By Frederic and Mary Ann Brussat

 

Independence Day
Directed by Roland Emerich
20th Century Fox Home Entertainment 07/96 DVD/VHS Feature Film
PG-13 - sci-fi destruction and violence

Independence Day is the ultimate special effects spectacular with New York City, Washington, D.C., and Los Angeles blown to smithereens during a world-wide attack by aliens from outer space.

As directed by Roland Emmerlich, this ambitious film is also a cinematic toy containing a treasure trove of cliche characters and situations from World War II movies, disaster flicks, and sci-fi thrillers of yesteryear. Seasoned cineplex goers will knowingly embrace and revel in these humorous bonbons scattered throughout this spectacular.

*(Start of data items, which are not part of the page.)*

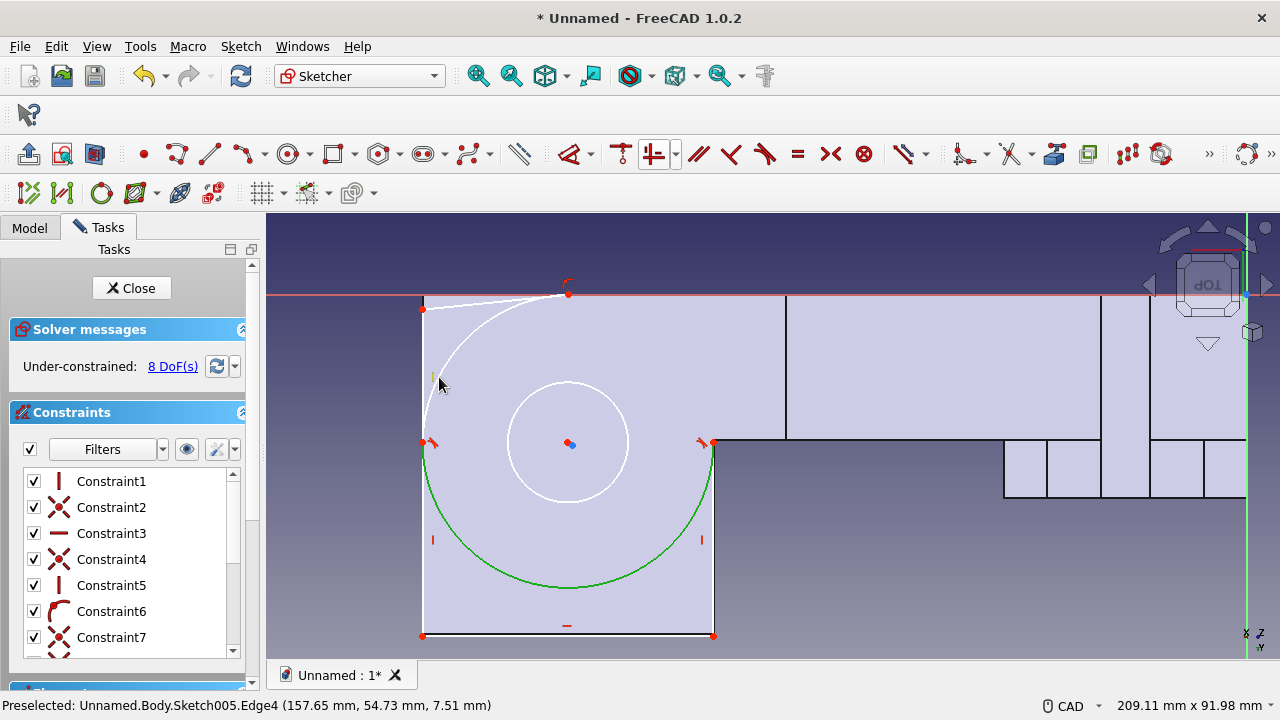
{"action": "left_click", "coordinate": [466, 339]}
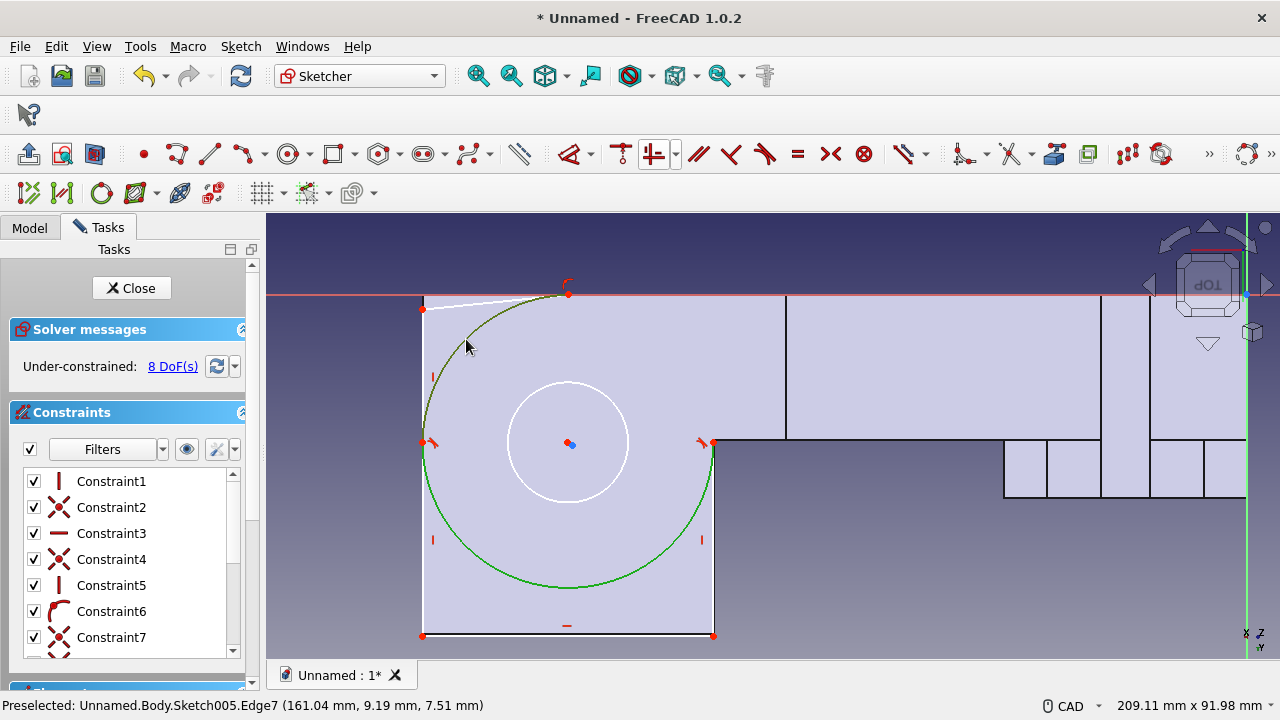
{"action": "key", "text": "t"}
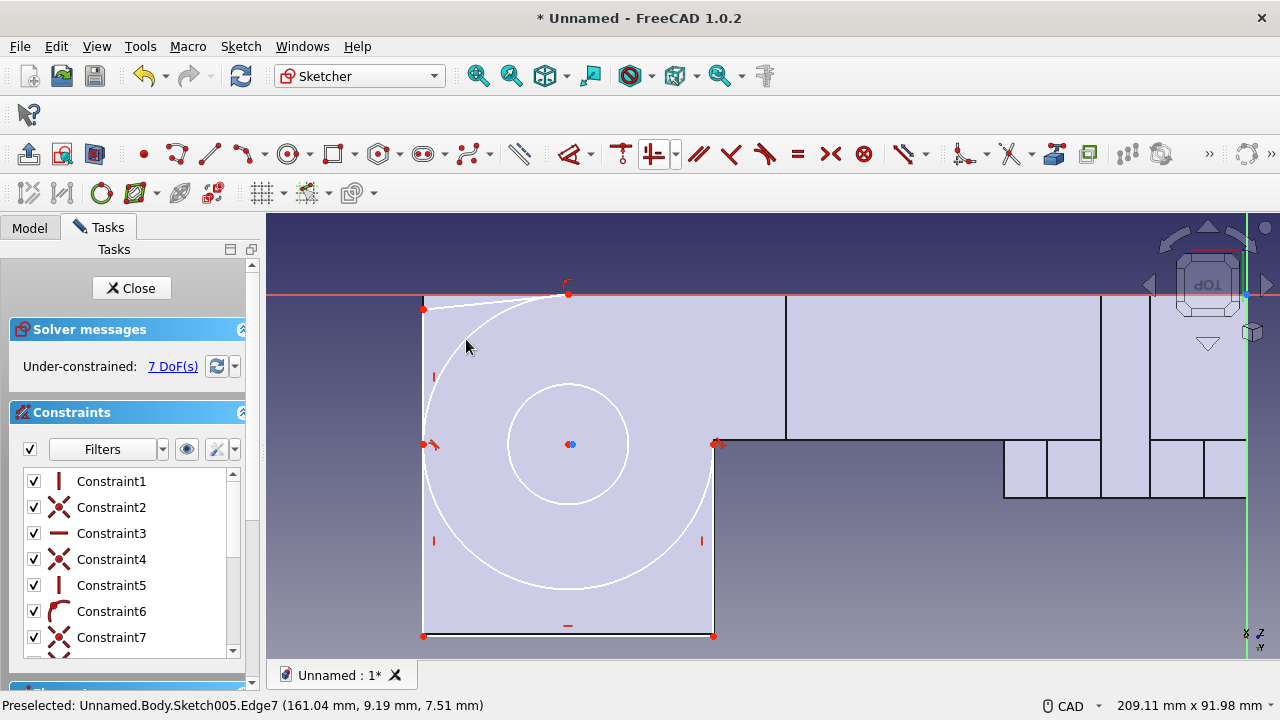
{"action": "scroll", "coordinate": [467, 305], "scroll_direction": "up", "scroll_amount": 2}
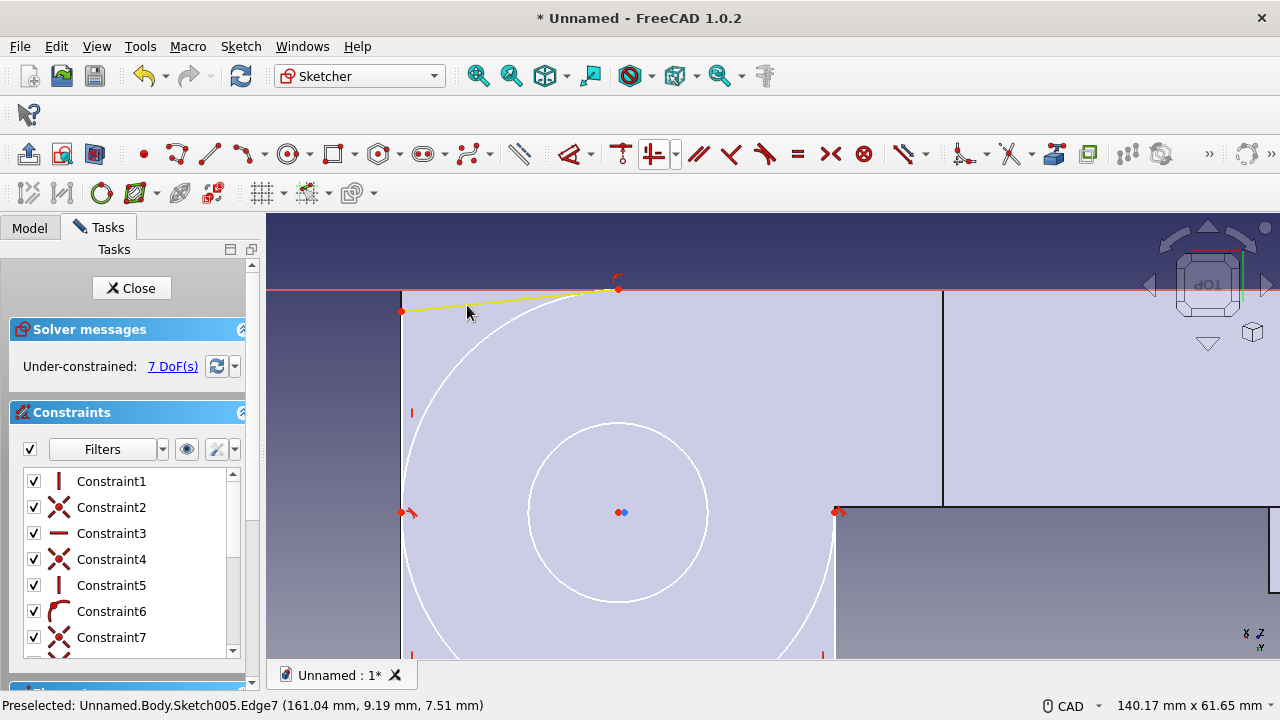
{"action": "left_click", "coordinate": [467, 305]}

The cast of heroes includes Bill Pullman as a President not ashamed of his glory days as a fighter pilot, Will Smith as a NASA rejectee who eventually gets his mission in outer space, Jeff Goldblum as a computer scientist who fulfills his dreams of saving the world, Randy Quaid as a crop dusting pilot who is willing to perform the ultimate sacrifice for his country, Vivica Fox as an exotic dancer who does her best to help the First Lady (Mary McDonnell), and Judd Hirsch as a Jewish jokester who unwittingly stumbles on the key to defeating the nefarious aliens.

The single serious note in Independence Day is its presentation of one Fourth of July when instead of rallying around the flag, Americans celebrate the concerted efforts of people all around the world to save the planet.